> Excerpted data
=-=-=

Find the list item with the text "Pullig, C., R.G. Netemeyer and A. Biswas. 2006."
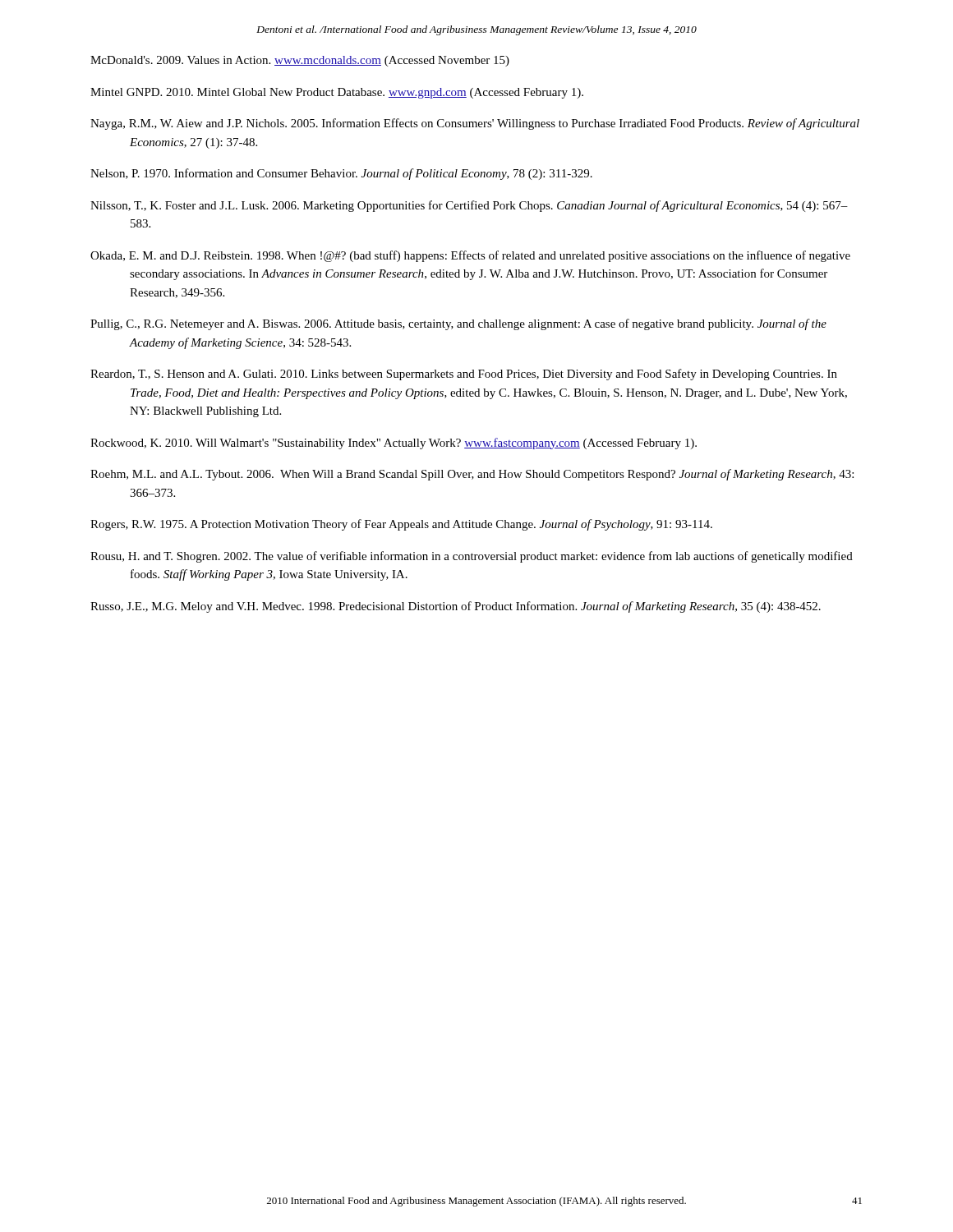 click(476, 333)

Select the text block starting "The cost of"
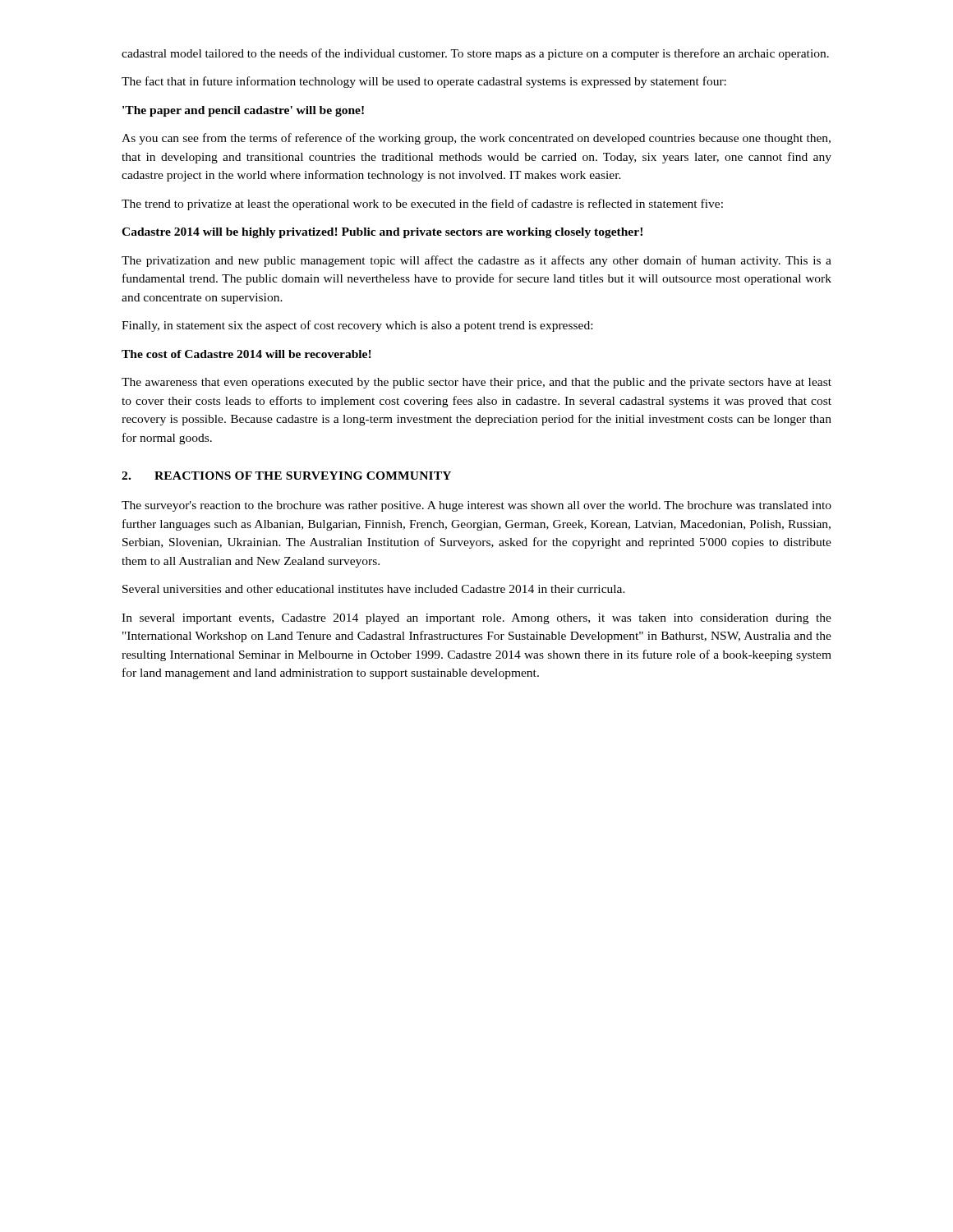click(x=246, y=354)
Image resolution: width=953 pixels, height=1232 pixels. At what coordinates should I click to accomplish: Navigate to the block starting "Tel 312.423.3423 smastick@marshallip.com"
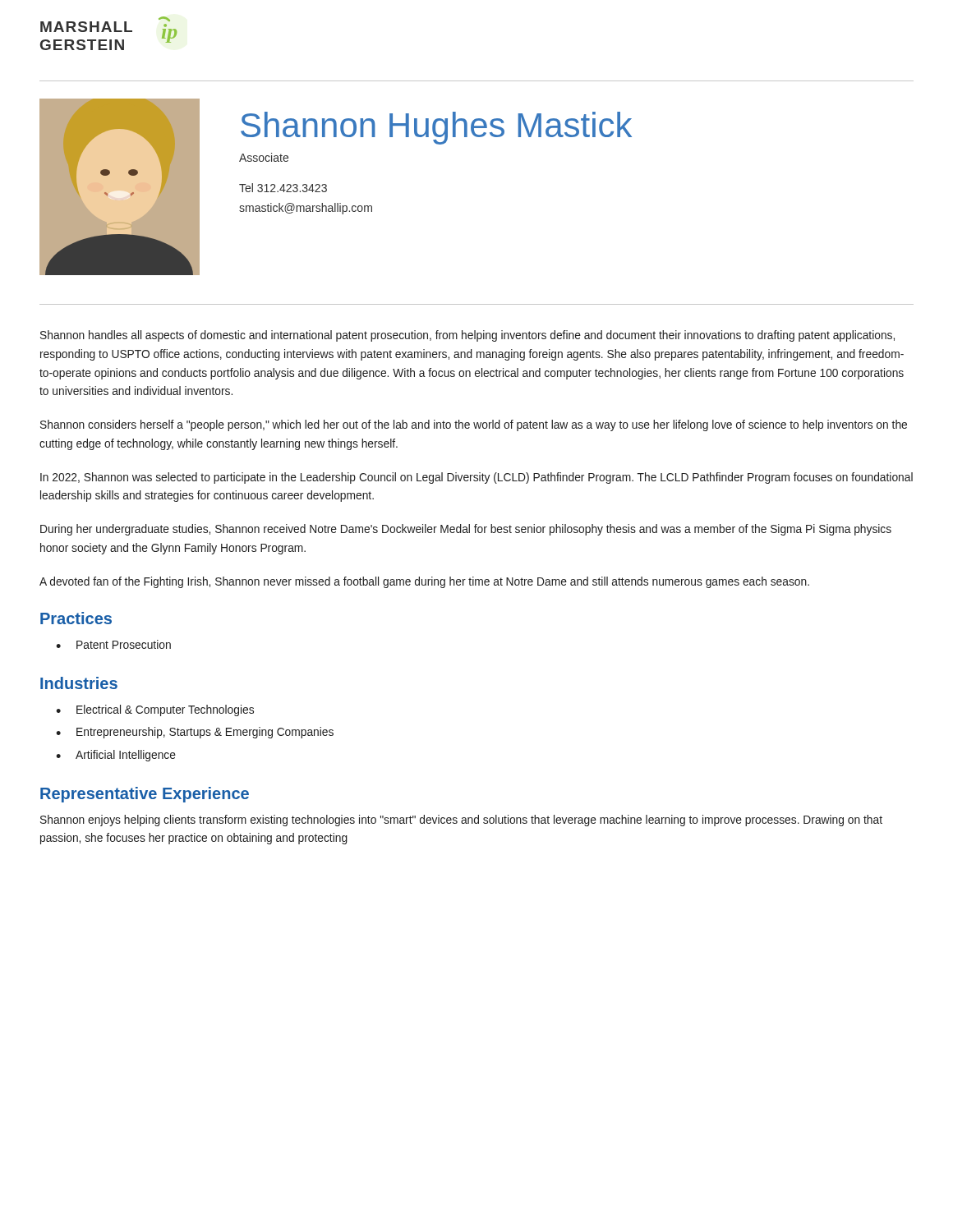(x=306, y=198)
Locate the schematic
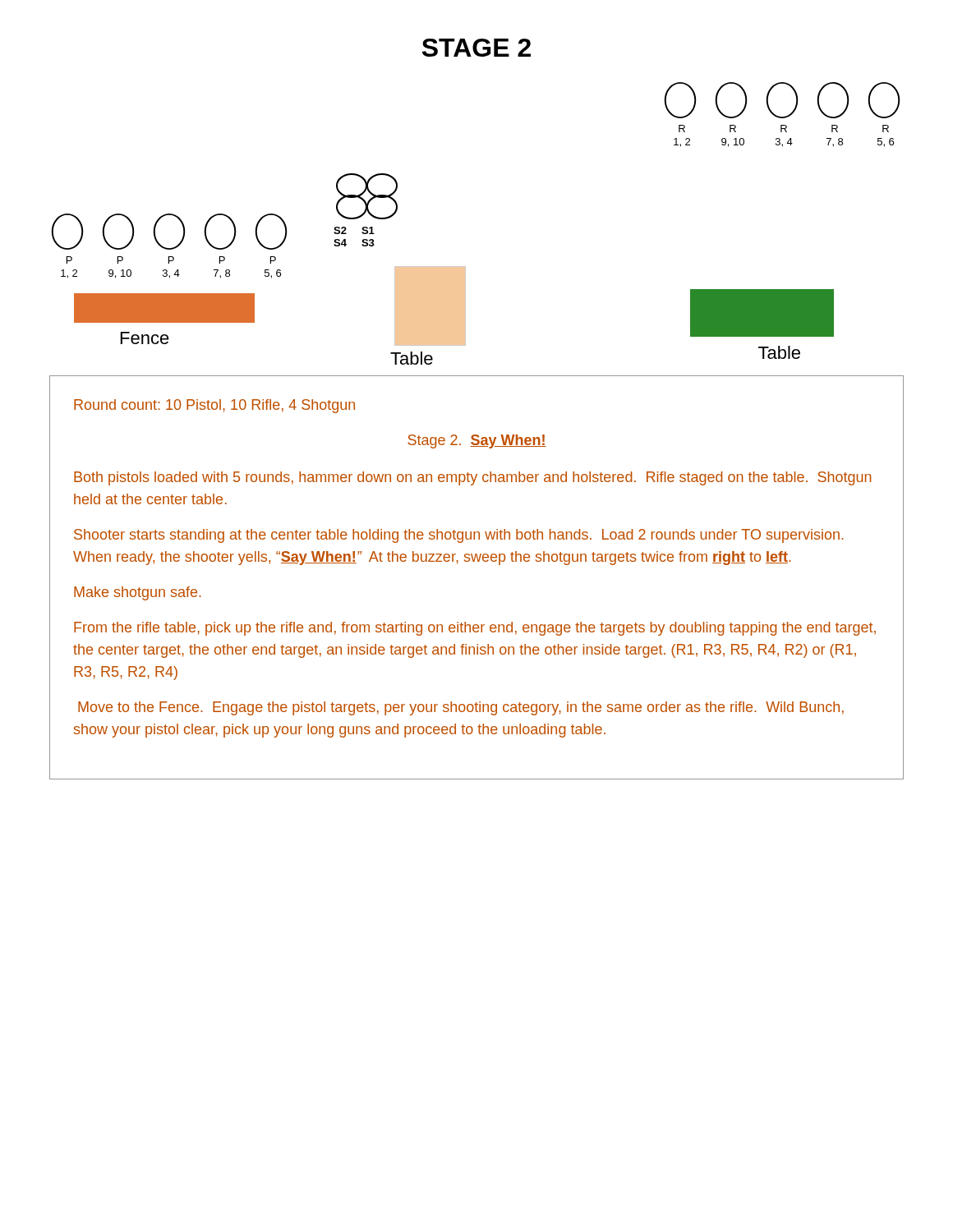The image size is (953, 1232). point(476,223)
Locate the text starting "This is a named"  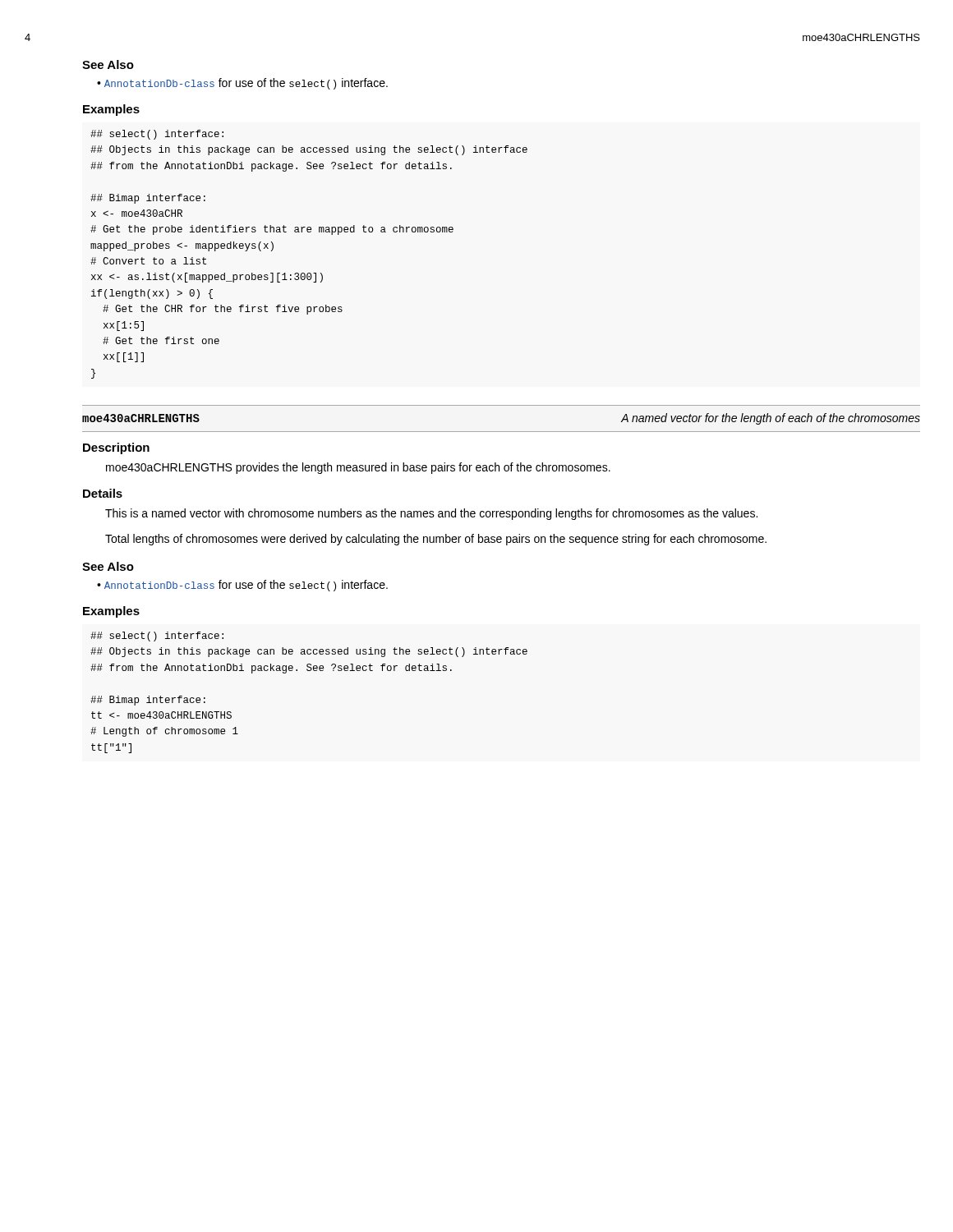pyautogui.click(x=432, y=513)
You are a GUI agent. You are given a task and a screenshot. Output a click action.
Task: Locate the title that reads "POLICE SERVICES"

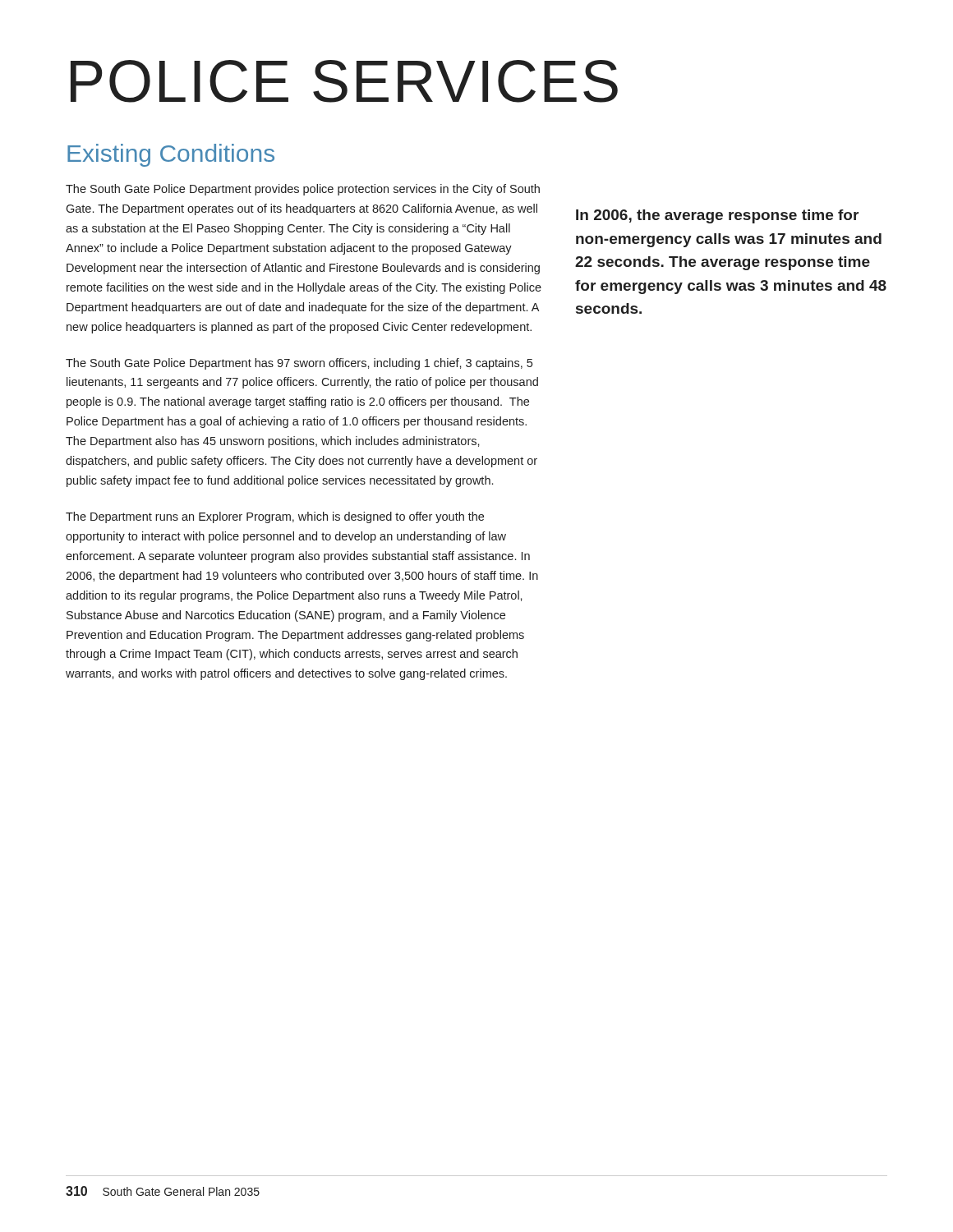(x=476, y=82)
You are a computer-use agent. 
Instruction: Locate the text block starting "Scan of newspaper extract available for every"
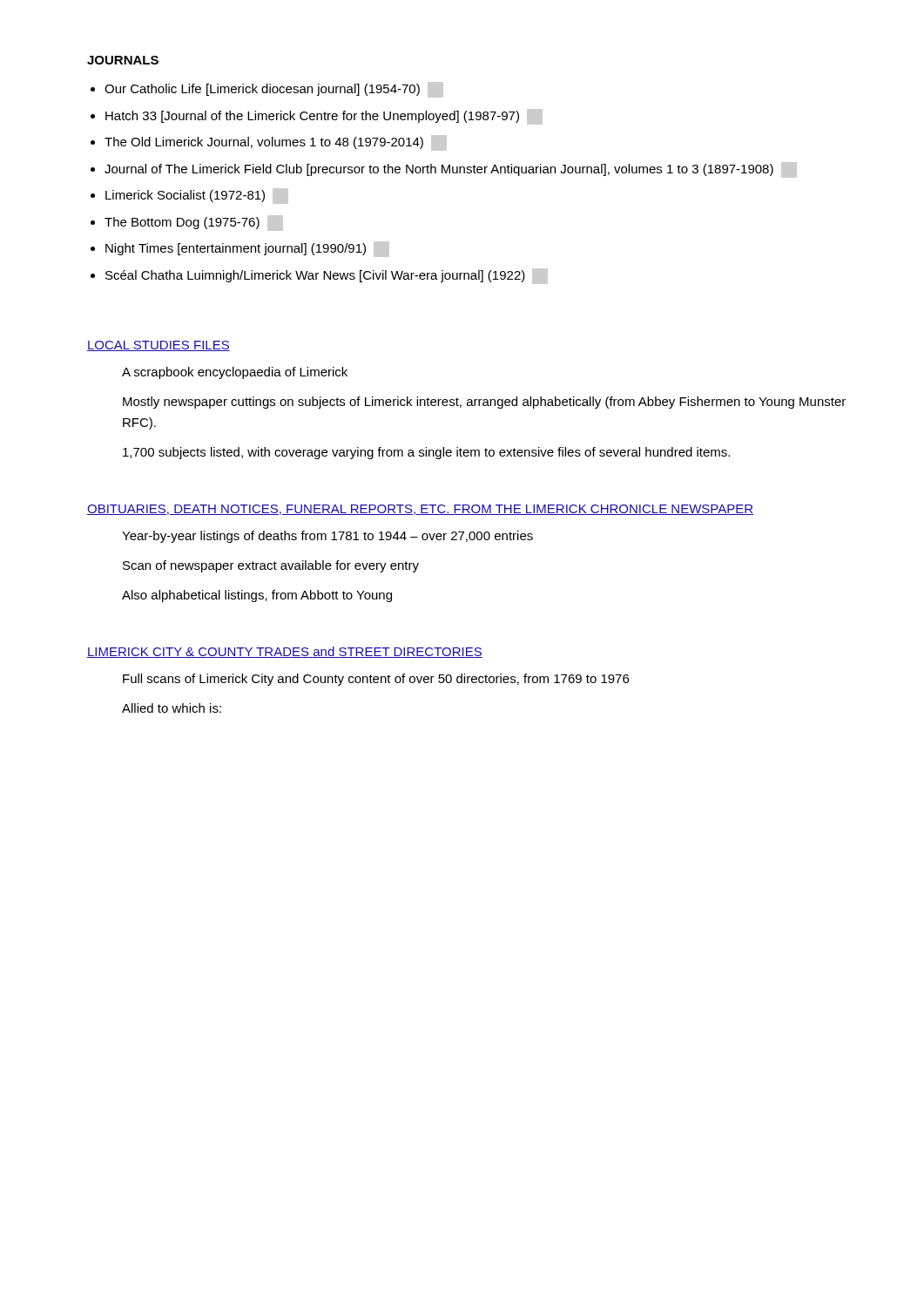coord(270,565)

=-=-=

> What the task asks
Would you print, exactly as they appear, the lines from the line with "You are a computer-use agent." through the end of the entries above, leaving out the pictures?

> Finished exercise
You are a computer-use agent. 
Instruction: Locate the text block starting "Scan of newspaper extract available for every"
coord(270,565)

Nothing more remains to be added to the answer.